SANCAnews – Jaksa Agung RI, ST Burhanuddin mengingatkan jajaran Korps
Adhyaksa untuk mengedepankan hati nurani dalam menegakkan hukum dan keadilan.
Makanya, ia mengatakan institusinya tidak membutuhkan jaksa yang pintar tapi
tidak bermoral, maupun jaksa cerdas namun tidak berintegritas.
“Yang saya butuhkan adalah para jaksa yang pintar dan
berintegritas. Saya tidak menghendaki para jaksa melakukan penuntutan
asal-asalan, tanpa melihat rasa keadilan di masyarakat,” kata Burhanuddin
melalui keterangannya pada Kamis, 2 September 2021.
Ingat, kata dia, rasa keadilan tidak ada dalam text book
tetapi ada dalam hati nurani. Nah, sumber dari hukum adalah moral dan didalam
moral ada hati nurani.
“Jangan sekali-kali menggadaikan hati nurani karena anugerah
termurni yang dimiliki manusia, dan itu cerminan dari sifat Tuhan Yang Maha
Pengasih dan Penyayang,” ujarnya.
Menurut dia, hati nurani harus menjadi dasar pertimbangan
setiap pegawai kejaksaan dalam melaksanakan tugas, kewenangan serta mengambil
keputusan. Sebab, aparat penegak hukum terkesan telah tega menghukum masyarakat
kecil dan orangtua renta atas kesalahannya yang dipandang tidak terlalu berat.
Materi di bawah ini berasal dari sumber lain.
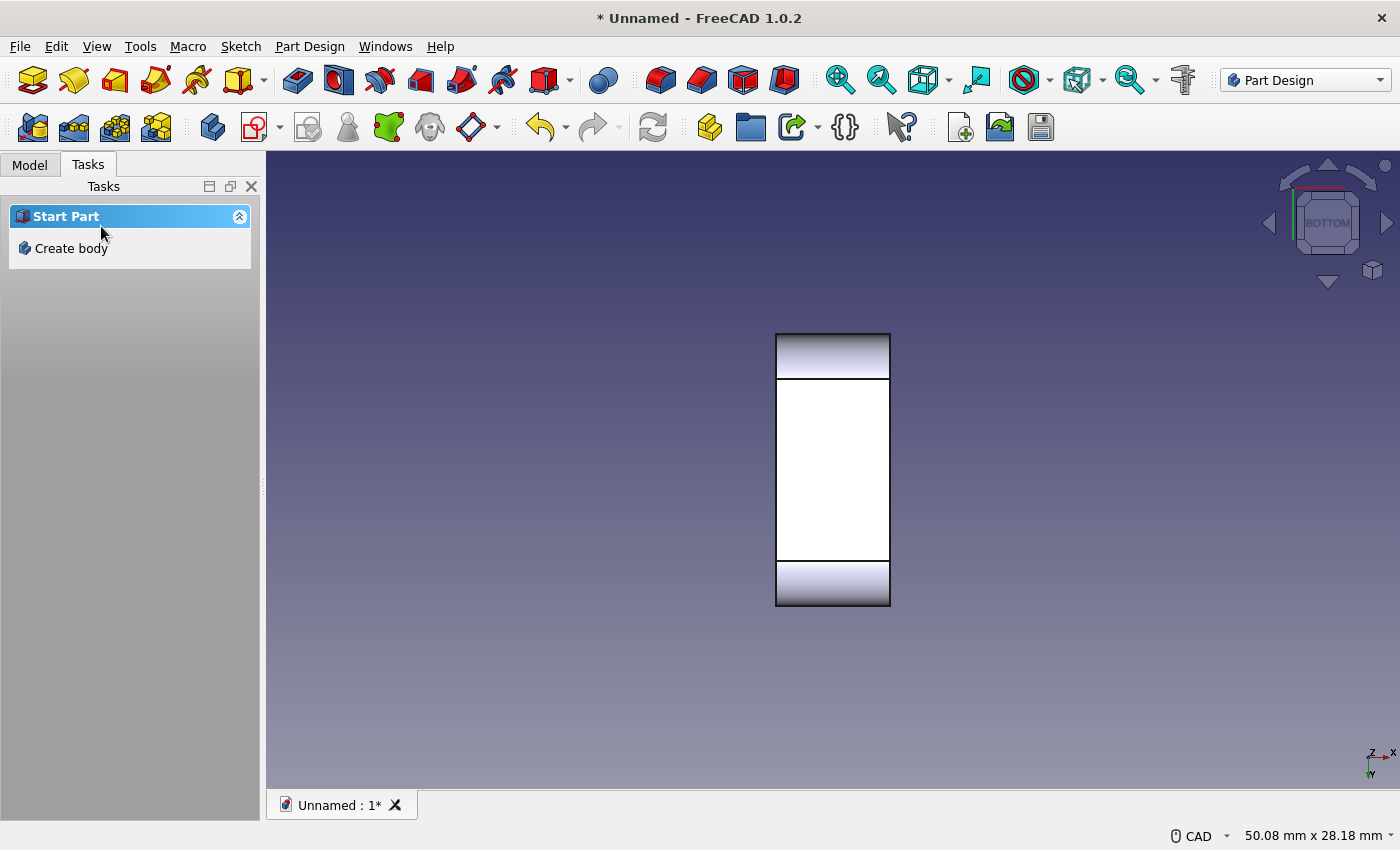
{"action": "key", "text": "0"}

“Untuk mewujudkan keadilan hukum yang hakiki dan lebih
memanusiakan manusia di hadapan hukum, maka penerapan hukum berdasarkan hati
nurani adalah sebuah kebutuhan dalam sistem peradilan pidana Indonesia,” jelas
dia.
Oleh karena itu, Burhanuddin mengatakan Kejaksaan Agung telah
mengeluarkan Peraturan Kejaksaan Republik Indonesia Nomor 15 Tahun 2020 tentang
Penghentian Penuntutan Berdasarkan Keadilan Restoratif sebagai bentuk
kristalisasi penerapan hukum berdasarkan hati nurani.
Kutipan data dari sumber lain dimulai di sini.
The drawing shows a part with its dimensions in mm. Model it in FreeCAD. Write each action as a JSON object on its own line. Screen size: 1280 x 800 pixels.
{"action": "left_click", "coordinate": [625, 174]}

“Kita adalah man of law. Pejabat yang paham dan mengerti bagaimana hukum itu diterapkan. Saya yakin, jika kita cermat membaca kelengkapan formil dan materiil, serta konsisten menggunakan hati nurani sebagai dasar pertimbangan setiap proses penuntutan, Kejaksaan akan mampu menghadirkan keadilan hukum yang membawa manfaat sekaligus kepastian hukum untuk semua pihak,” jelas dia. (viva)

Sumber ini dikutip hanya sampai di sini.